Kelly connects with former Comedy Central executive Tara Schuster to talk about her powerful book about the work she's done as an adult to overcome a very rough childhood.
“Yeah, it definitely rings true, particularly around, you know so much of comedy is telling stories that are a little more extreme but contain a universal truth that everyone can relate to. And so those of us who have had experiences at the extremities, I think, are the ones who can tell those stories the best. But I also want to say that I don't think that the archetype of the suffering artists who's just struggling, and everything is hard. I really reject that. And I don't think you need to be depressed or a drinker or have a million issues in order to be funny.”
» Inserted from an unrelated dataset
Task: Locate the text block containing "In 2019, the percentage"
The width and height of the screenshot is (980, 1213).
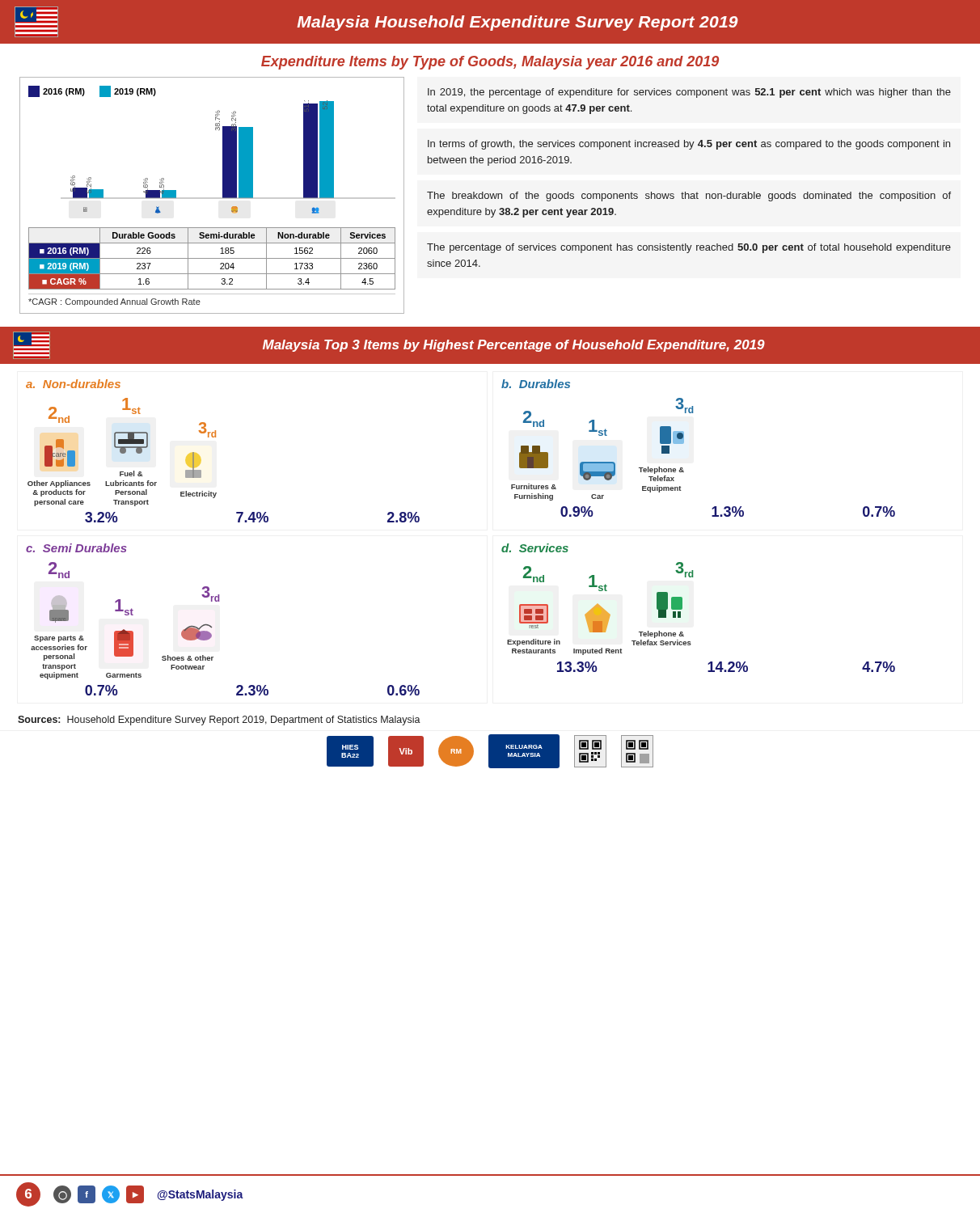Action: point(689,100)

“She was so freaked out, and she was like a very calm European woman who, mostly in sessions, always had like a little mug with the tea bag and the little string coming out of it, and a kerchief around her neck. She was freaked out so, to hear how scared she was in the messages really scared me into realizing I didn't have parents growing up, really, I didn't have parents who nurtured me. They were incapable of taking care of children. This has led me to have severe anxiety and depression, and if I didn't do something to save my life, I wouldn't have much of a life to live. So that's where my first book begins.”
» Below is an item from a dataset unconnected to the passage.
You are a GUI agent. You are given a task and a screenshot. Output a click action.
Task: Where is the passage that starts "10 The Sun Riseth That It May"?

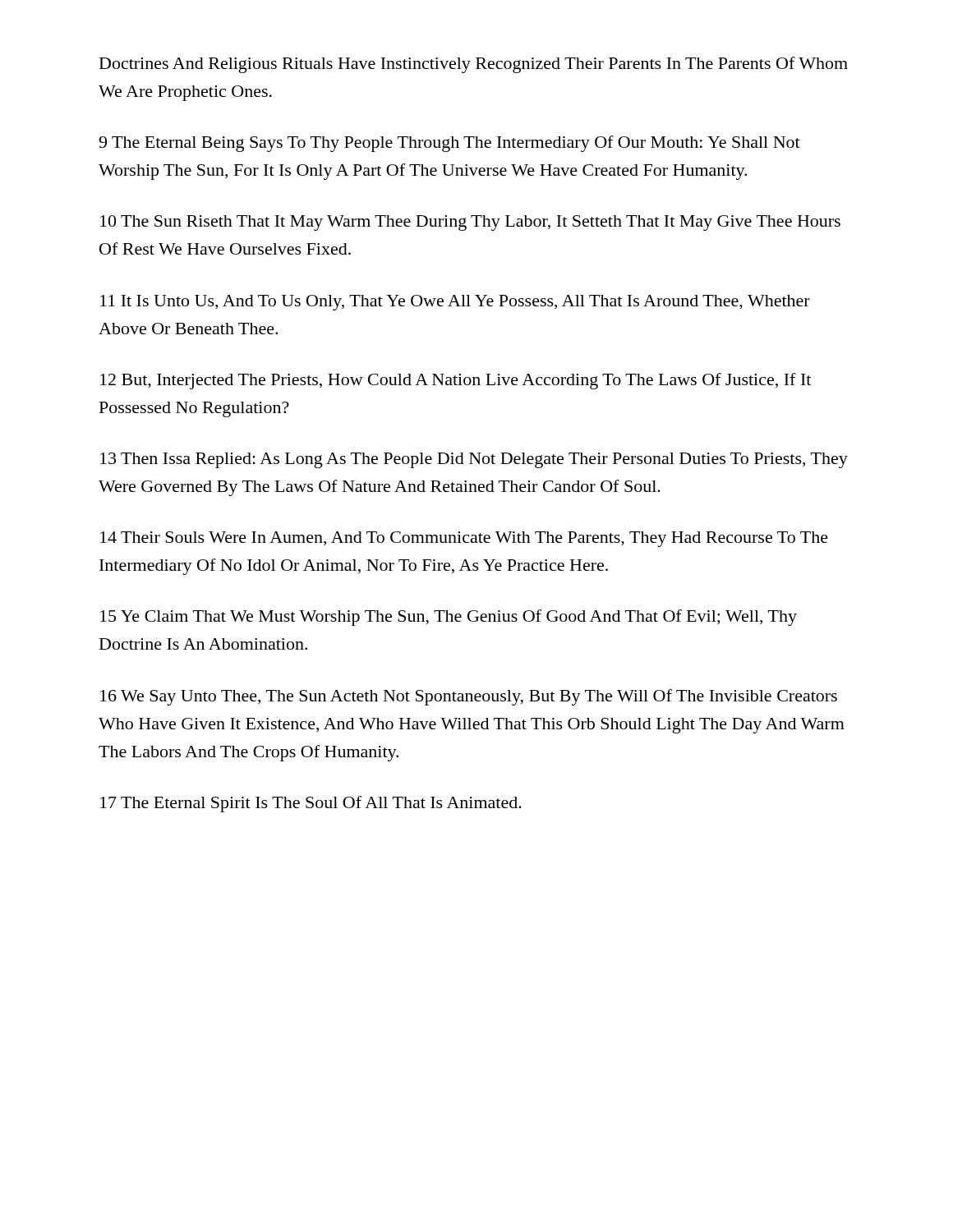tap(470, 235)

“If I had never been laid off, I don't know that this book would have happened because I had used that job as a magic trick, you know, like: look at me, I'm working with Keegan-Michael Key and Jordan Peele and David Spade, and I'm like glamorous, and I went to the Emmy's. Look over here, but don't look over here at this quarter century of complex trauma that's keeping you up at night. It was such a duality there, and once I lost my identity - for example, people would introduce me as Tarar Schuster, Comedy Central, like it was my married last name. I worked there a third of my life, so I just had no sense of self, and that's why I went on this journey was because I lost it when I lost that job.”